Work required
When the line with "object name: butter dish" is reached, include it and stop; before that, copy each line of the listing exactly from the first.
________
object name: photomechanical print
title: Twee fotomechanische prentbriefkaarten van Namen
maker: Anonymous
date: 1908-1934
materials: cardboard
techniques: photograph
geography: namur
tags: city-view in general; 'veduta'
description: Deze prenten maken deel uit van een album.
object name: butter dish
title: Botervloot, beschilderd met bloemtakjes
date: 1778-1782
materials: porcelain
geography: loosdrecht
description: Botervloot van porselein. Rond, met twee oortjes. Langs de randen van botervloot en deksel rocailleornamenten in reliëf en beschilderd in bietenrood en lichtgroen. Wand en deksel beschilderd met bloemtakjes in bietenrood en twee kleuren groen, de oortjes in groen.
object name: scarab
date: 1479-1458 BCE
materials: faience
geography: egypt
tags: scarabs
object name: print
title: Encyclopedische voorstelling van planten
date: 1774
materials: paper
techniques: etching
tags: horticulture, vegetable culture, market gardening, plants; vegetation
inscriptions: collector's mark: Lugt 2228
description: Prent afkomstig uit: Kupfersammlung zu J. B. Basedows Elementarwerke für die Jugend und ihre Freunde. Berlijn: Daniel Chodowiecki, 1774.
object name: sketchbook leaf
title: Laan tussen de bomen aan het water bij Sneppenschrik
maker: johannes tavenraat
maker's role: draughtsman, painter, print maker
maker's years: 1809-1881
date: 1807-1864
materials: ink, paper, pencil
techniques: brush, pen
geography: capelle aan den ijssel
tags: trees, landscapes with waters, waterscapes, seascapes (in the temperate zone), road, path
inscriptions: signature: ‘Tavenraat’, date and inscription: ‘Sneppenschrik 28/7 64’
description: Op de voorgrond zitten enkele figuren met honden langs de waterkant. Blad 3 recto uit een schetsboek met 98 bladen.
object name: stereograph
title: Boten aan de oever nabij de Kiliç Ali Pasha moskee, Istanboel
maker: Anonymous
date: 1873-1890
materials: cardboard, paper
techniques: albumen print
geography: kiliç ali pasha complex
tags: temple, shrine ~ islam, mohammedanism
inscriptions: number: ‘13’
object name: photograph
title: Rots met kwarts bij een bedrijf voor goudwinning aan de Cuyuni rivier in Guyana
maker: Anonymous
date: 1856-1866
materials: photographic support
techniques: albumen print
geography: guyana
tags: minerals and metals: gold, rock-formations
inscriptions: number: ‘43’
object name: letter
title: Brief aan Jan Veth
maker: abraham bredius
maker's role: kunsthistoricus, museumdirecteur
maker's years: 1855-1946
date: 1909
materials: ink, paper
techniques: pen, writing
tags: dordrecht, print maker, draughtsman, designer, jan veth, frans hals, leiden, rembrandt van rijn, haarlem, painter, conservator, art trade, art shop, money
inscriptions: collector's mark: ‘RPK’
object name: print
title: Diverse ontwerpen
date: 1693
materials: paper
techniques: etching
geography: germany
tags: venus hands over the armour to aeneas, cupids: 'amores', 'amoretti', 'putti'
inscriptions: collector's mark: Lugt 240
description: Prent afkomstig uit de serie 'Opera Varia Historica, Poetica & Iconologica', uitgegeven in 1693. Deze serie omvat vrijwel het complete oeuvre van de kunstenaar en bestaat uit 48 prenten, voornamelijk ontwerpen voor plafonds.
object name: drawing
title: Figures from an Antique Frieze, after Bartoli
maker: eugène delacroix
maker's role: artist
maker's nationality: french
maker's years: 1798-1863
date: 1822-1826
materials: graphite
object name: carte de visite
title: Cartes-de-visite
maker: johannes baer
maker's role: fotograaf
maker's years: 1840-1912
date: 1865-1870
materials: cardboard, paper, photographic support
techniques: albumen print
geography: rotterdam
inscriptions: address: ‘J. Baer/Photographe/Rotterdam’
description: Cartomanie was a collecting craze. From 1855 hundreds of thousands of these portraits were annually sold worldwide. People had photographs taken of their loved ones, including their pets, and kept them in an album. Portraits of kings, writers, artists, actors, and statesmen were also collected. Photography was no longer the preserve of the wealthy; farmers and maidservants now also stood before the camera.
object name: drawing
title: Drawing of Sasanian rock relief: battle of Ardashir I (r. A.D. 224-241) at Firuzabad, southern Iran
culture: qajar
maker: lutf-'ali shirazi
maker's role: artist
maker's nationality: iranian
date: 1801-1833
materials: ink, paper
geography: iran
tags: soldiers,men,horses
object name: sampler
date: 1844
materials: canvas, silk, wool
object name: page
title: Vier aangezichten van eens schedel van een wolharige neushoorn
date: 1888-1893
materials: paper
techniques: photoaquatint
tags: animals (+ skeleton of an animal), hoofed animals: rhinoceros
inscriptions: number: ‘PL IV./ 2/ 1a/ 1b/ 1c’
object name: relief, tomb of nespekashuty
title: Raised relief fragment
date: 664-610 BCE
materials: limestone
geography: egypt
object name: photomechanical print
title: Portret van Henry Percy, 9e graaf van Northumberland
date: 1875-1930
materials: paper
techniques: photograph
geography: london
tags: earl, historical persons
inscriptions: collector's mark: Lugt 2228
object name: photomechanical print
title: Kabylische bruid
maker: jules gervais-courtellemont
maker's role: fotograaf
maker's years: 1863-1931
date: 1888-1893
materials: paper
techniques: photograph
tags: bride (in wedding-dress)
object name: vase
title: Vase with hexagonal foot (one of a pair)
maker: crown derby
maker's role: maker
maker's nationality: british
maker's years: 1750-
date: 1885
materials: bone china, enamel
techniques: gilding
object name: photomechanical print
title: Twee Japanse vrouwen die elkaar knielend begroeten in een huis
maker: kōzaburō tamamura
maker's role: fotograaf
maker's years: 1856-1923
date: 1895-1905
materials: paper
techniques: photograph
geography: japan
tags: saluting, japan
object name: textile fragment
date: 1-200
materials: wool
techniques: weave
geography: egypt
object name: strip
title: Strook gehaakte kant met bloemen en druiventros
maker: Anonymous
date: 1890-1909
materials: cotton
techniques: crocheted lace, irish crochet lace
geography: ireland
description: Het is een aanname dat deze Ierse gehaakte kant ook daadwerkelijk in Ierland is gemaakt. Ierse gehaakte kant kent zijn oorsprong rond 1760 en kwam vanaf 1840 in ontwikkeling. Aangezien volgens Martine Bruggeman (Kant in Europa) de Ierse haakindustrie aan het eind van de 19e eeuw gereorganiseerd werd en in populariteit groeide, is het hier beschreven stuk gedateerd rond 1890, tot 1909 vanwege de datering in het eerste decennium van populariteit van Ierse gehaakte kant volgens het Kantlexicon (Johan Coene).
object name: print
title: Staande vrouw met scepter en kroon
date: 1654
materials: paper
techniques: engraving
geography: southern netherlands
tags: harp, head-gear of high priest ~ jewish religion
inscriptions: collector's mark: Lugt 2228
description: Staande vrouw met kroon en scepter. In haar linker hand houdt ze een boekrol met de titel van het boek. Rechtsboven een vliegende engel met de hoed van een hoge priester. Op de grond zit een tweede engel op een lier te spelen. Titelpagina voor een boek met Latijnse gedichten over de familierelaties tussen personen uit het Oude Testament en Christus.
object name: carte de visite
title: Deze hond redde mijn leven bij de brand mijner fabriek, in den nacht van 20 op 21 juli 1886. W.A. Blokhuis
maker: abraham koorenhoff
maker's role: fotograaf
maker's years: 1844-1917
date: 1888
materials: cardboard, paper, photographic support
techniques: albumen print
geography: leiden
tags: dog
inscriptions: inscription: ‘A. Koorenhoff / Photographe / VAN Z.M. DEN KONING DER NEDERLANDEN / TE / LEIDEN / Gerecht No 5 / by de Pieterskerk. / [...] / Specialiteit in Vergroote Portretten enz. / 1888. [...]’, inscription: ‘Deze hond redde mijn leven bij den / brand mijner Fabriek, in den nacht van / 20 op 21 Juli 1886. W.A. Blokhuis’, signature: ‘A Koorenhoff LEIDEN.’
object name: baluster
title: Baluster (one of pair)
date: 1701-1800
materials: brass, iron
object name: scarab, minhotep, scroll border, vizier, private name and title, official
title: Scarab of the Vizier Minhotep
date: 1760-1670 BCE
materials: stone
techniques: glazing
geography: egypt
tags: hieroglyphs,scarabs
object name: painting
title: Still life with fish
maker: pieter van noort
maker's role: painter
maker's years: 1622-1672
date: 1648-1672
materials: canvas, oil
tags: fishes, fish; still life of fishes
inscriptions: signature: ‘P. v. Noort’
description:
________
Written answer
object name: photomechanical print
title: Twee fotomechanische prentbriefkaarten van Namen
maker: Anonymous
date: 1908-1934
materials: cardboard
techniques: photograph
geography: namur
tags: city-view in general; 'veduta'
description: Deze prenten maken deel uit van een album.
object name: butter dish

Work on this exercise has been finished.